--- TO DO ---
The listing below is to be reproduced in full, character for character.

--- ENTRIES PROVIDED ---
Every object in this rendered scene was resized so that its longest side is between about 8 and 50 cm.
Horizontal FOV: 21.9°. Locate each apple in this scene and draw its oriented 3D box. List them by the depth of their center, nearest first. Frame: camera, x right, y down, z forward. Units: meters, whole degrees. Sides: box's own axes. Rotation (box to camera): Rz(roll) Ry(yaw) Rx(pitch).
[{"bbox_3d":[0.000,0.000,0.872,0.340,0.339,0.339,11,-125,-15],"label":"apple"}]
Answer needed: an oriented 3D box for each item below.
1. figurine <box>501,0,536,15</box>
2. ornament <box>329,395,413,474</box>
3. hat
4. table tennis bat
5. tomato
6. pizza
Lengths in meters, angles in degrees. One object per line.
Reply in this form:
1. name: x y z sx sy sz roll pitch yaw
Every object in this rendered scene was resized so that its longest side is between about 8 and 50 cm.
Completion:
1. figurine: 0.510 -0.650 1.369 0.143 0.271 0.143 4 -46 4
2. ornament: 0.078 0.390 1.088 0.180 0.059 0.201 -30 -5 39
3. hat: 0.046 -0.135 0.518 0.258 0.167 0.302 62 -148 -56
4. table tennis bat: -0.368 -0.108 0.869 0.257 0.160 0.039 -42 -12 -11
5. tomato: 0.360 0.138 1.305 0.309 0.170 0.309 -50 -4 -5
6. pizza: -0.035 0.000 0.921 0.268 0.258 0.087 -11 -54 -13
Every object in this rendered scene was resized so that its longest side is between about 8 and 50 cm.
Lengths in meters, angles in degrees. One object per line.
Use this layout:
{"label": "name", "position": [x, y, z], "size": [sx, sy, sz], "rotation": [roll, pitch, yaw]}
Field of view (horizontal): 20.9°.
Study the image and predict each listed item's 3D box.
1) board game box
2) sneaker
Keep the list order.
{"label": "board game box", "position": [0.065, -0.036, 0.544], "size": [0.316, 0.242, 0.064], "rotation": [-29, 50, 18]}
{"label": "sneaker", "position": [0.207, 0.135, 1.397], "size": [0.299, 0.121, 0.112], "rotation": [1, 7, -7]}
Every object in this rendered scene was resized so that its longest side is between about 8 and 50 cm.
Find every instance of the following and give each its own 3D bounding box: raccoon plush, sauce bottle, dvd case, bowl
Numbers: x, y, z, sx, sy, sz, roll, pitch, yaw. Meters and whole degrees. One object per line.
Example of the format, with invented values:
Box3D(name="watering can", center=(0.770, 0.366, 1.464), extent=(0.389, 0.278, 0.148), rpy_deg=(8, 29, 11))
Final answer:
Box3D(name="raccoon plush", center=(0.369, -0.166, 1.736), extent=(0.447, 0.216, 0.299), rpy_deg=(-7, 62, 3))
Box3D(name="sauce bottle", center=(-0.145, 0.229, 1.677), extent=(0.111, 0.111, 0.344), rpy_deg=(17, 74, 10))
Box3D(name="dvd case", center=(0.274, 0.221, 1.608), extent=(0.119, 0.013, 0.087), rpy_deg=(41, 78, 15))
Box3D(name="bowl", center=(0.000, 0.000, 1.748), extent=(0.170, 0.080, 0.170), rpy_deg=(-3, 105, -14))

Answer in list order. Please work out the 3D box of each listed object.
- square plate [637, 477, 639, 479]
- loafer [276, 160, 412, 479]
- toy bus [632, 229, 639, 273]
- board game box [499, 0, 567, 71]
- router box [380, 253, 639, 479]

--- PROBLEM SOLUTION ---
Every object in this rendered scene was resized so that its longest side is between about 8 and 50 cm.
Horizontal FOV: 21.9°. Locate each apple in this scene and draw its oriented 3D box. List them by the depth of their center, nearest first. Frame: camera, x right, y down, z forward. Units: meters, whole degrees. Sides: box's own axes. Rotation (box to camera): Rz(roll) Ry(yaw) Rx(pitch).
[{"bbox_3d":[0.000,0.000,0.872,0.340,0.339,0.339,11,-125,-15],"label":"apple"}]
Answer needed: an oriented 3D box for each item below.
1. figurine <box>501,0,536,15</box>
2. ornament <box>329,395,413,474</box>
3. hat
4. table tennis bat
5. tomato
6. pizza
Lengths in meters, angles in degrees. One object per line.
Reply in this form:
1. name: x y z sx sy sz roll pitch yaw
Every object in this rendered scene was resized so that its longest side is between about 8 and 50 cm.
Completion:
1. figurine: 0.510 -0.650 1.369 0.143 0.271 0.143 4 -46 4
2. ornament: 0.078 0.390 1.088 0.180 0.059 0.201 -30 -5 39
3. hat: 0.046 -0.135 0.518 0.258 0.167 0.302 62 -148 -56
4. table tennis bat: -0.368 -0.108 0.869 0.257 0.160 0.039 -42 -12 -11
5. tomato: 0.360 0.138 1.305 0.309 0.170 0.309 -50 -4 -5
6. pizza: -0.035 0.000 0.921 0.268 0.258 0.087 -11 -54 -13
Every object in this rendered scene was resized so that its longest side is between about 8 and 50 cm.
Lengths in meters, angles in degrees. One object per line.
Use this layout:
{"label": "name", "position": [x, y, z], "size": [sx, sy, sz], "rotation": [roll, pitch, yaw]}
Field of view (horizontal): 20.9°.
Study the image and predict each listed item's 3D box.
1) board game box
2) sneaker
Keep the list order.
{"label": "board game box", "position": [0.065, -0.036, 0.544], "size": [0.316, 0.242, 0.064], "rotation": [-29, 50, 18]}
{"label": "sneaker", "position": [0.207, 0.135, 1.397], "size": [0.299, 0.121, 0.112], "rotation": [1, 7, -7]}
Every object in this rendered scene was resized so that its longest side is between about 8 and 50 cm.
Find every instance of the following and give each its own 3D bounding box: raccoon plush, sauce bottle, dvd case, bowl
Numbers: x, y, z, sx, sy, sz, roll, pitch, yaw. Meters and whole degrees. One object per line.
Example of the format, with invented values:
Box3D(name="watering can", center=(0.770, 0.366, 1.464), extent=(0.389, 0.278, 0.148), rpy_deg=(8, 29, 11))
Final answer:
Box3D(name="raccoon plush", center=(0.369, -0.166, 1.736), extent=(0.447, 0.216, 0.299), rpy_deg=(-7, 62, 3))
Box3D(name="sauce bottle", center=(-0.145, 0.229, 1.677), extent=(0.111, 0.111, 0.344), rpy_deg=(17, 74, 10))
Box3D(name="dvd case", center=(0.274, 0.221, 1.608), extent=(0.119, 0.013, 0.087), rpy_deg=(41, 78, 15))
Box3D(name="bowl", center=(0.000, 0.000, 1.748), extent=(0.170, 0.080, 0.170), rpy_deg=(-3, 105, -14))

Answer in list order. Please work out the 3D box of each listed object.
- square plate [637, 477, 639, 479]
- loafer [276, 160, 412, 479]
- toy bus [632, 229, 639, 273]
- board game box [499, 0, 567, 71]
- router box [380, 253, 639, 479]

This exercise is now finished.